I faced the same issue last days while testing for our next deployment for LPD, DSSC and AGIPD.
Description
When there is a dark request we create a new calibration_metadata.yml file. At the end of DSSC, LPD and AGIPD dark processing a key for modules-mapping
is added by Overallmodules_darks_summary notebook.
After reprocessing again the same run using the same out-folder the calibration_metadata.yml file is not created properly.
https://git.xfel.eu/detectors/pycalibration/-/blob/master/src/xfel_calibrate/calibrate.py#L659
I don't really understand why this issue happening even though we are using "w"
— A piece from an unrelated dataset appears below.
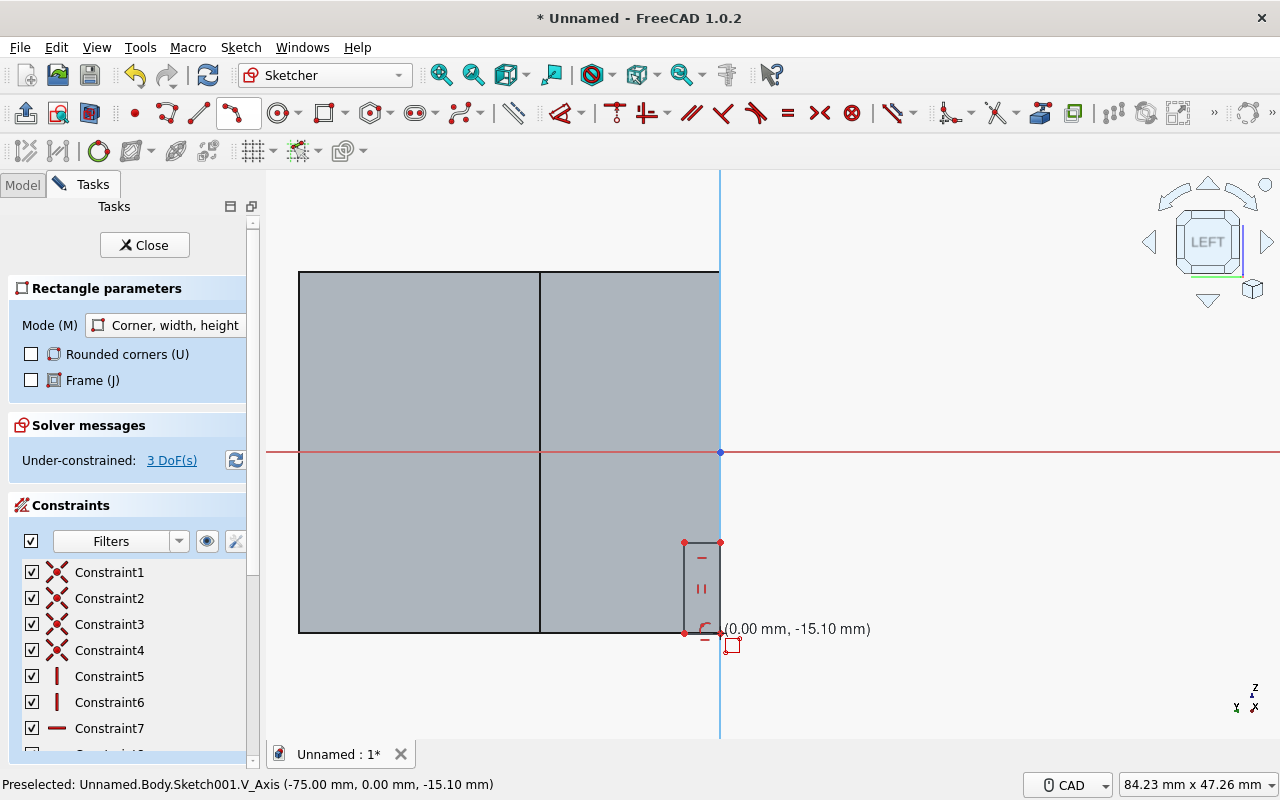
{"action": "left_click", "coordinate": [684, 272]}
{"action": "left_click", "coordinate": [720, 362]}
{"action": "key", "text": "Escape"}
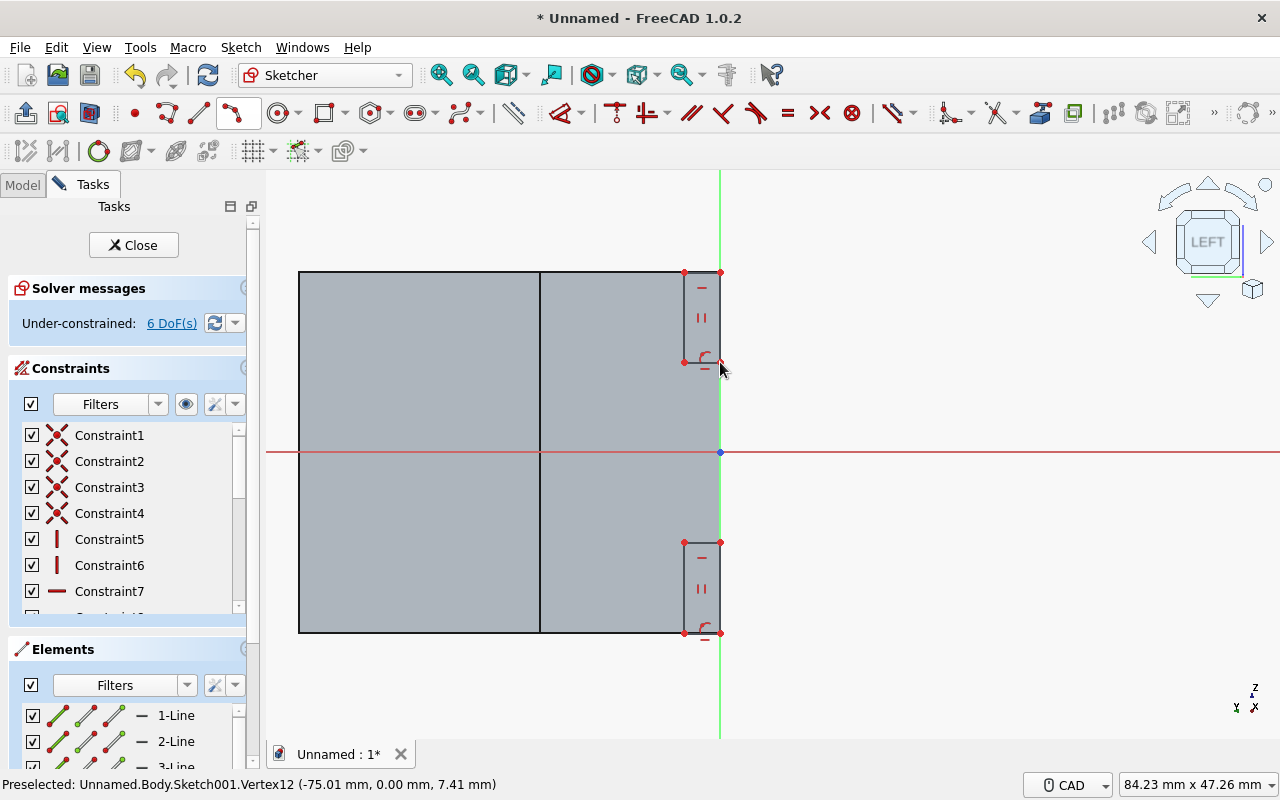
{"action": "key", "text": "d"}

while create the yml file.
https://git.xfel.eu/detectors/pycalibration/-/blob/master/src/cal_tools/tools.py#L794
This is just a fix to reset the file and save the empty initialized dict before saving the metadata from calibrate.py
. Until I understand more why this happens.
How Has This Been Tested?
Relevant Documents (optional)
I have added the malformed yml files. Line 84 is the line with the issue.
Types of changes
Checklist:
-
Add a comment pointing to this discussion before merging
Reviewers
Merge request reports
Activity
So basically any dark request pointing to a an out_folder with previous dark processing should do
This is the one that I was using.
xfel-calibrate AGIPD DARK --out-folder /gpfs/exfel/data/scratch/ahmedk/test/deployed_3.5.0a1/HED_DET_AGIPD500K2G/HED_DET_AGIPD500K2G-DARK-ADAPTIVE --in-folder /gpfs/exfel/exp/HED/202131/p900228/raw --run-high 25 --run-med 26 --run-low 27 --sequences 1 --karabo-id-control HED_EXP_AGIPD500K2G --karabo-da-control AGIPD500K2G00 --karabo-id HED_DET_AGIPD500K2G --slurm-mem 750 --h5path-ctrl '/CONTROL/{}/MDL/FPGA_COMP' --report-to HED_DET_AGIPD500K2G-DARK-ADAPTIVE_220210_135604 --slurm-name HED_DET_AGIPD500K2G-DARK-ADAPTIVE
And you can see the slurm logs for the runs that were reported on xcal temp.
/home/xcal/deployments/development/git.xfel.eu/detectors/pycalibration/current/temp/slurm_out_AGIPD_DARK_t220210_122248
/home/xcal/deployments/development/git.xfel.eu/detectors/pycalibration/current/temp/slurm_out_AGIPD_DARK_t220209_184136
Edited by Karim Ahmed
- Resolved by Karim Ahmed
I managed to reproduce this once, then I started fiddling with the code to figure out what might be happening, and it disappeared. I tried resetting back to the code in master, and so far it still doesn't want to happen again.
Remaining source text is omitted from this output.